The interior layout, fit and finish

The driving position is marvellous. There’s plenty of steering wheel adjustment and the First Edition model we tried comes with a really comfortable, powered driver’s seat with memory settings and lumbar adjustment included. The entry-level SE-L Lux trim has manual seat adjustment that includes height but it misses out on the variable lumbar support.

You get a trio of digital screens that gives the dashboard a forward-looking feel. These include digital instruments and a 7.0in climate control touchscreen, mounted just below the infotainment touchscreen. Normally we baulk at the idea of a touchscreen for frequently used controls, such as the interior temperature, but the MX-30 also has ‘proper’ buttons either side of the display, so it’s really easy to use.

These physical controls are much better to use than the Volkswagen ID.3’s touch-sensitive buttons, as is the MX-30’s 8.8in infotainment screen, which couldn’t be further from the gimmickry and inept software of the ID.3’s. Instead it’s a paragon of virtue: it’s responsive, it’s easy to find the features you need from the simple menus and it has a rotary controller, like the BMW i3’s. That means you can use the system while driving and keep your eyes on the road.

It’s also kitted out with in-built sat-nav, Apple CarPlay and Android Auto and an eight-speaker stereo as standard. The top GT Sport Tech trim adds a 12-speaker Bose surround sound system.

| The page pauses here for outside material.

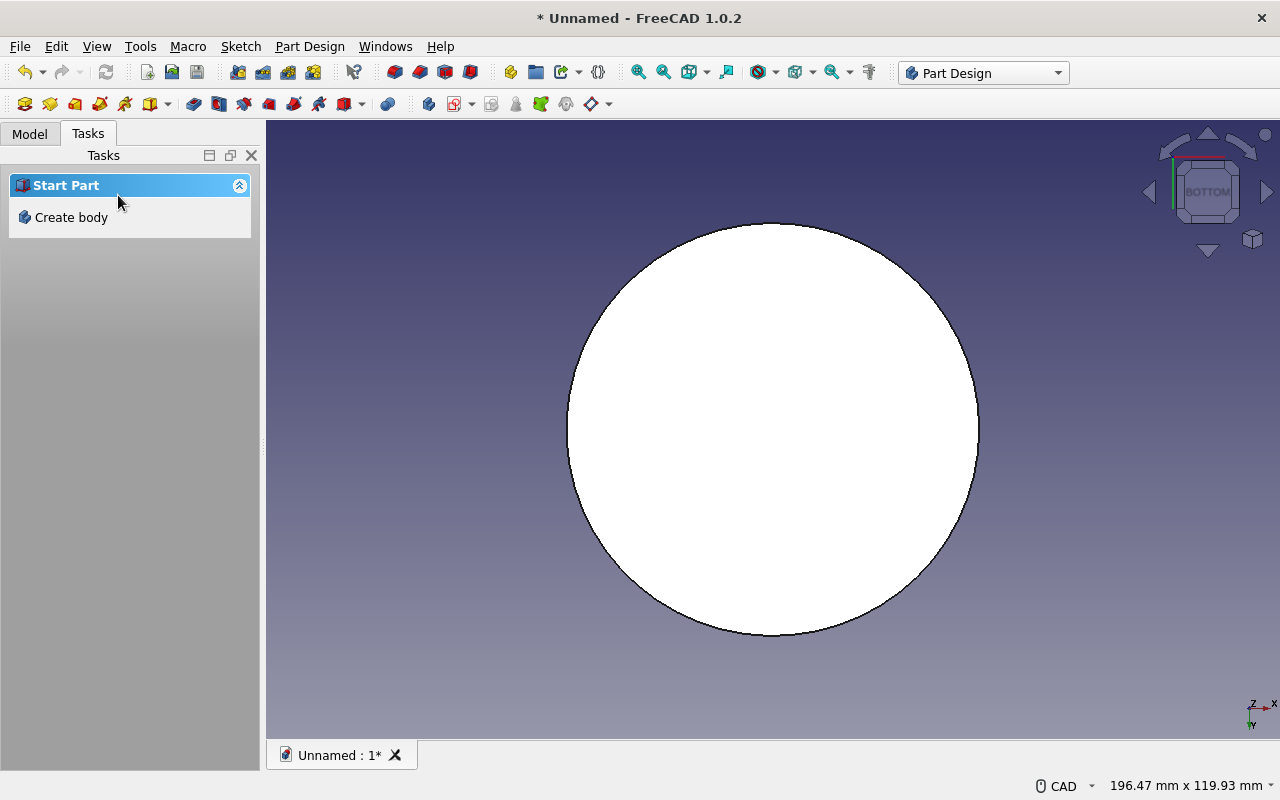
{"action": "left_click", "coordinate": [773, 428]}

The MX-30 also whacks the ID.3 where it hurts on quality. If you still think Volkswagen builds good interiors, check out the MX-30’s. The eclectic mix of materials it uses includes recycled bottles for the door trims, cork inlays (yes, cork) for the storage trays on the centre console, and ‘vegan’ leather and recycled denim. We know that doesn’t necessarily sound like luxury, but in the flesh it looks fab and distracts from the few harder plastics that are used lower down. It’s not quite up there with the i3, but it’s not far behind.

Visibility out the front is okay, but that coupé-esque rear end and the design of the rear doors is a massive blight for rearwards vision. On the plus side, front and rear parking sensors are standard, as is a rear-view camera (a 360deg camera is standard on the GT Sport trim).

All trims come with piercing LED headlights and adaptive LED headlights are fitted to the top trim. They can remain on full beam without blinding the drivers in front.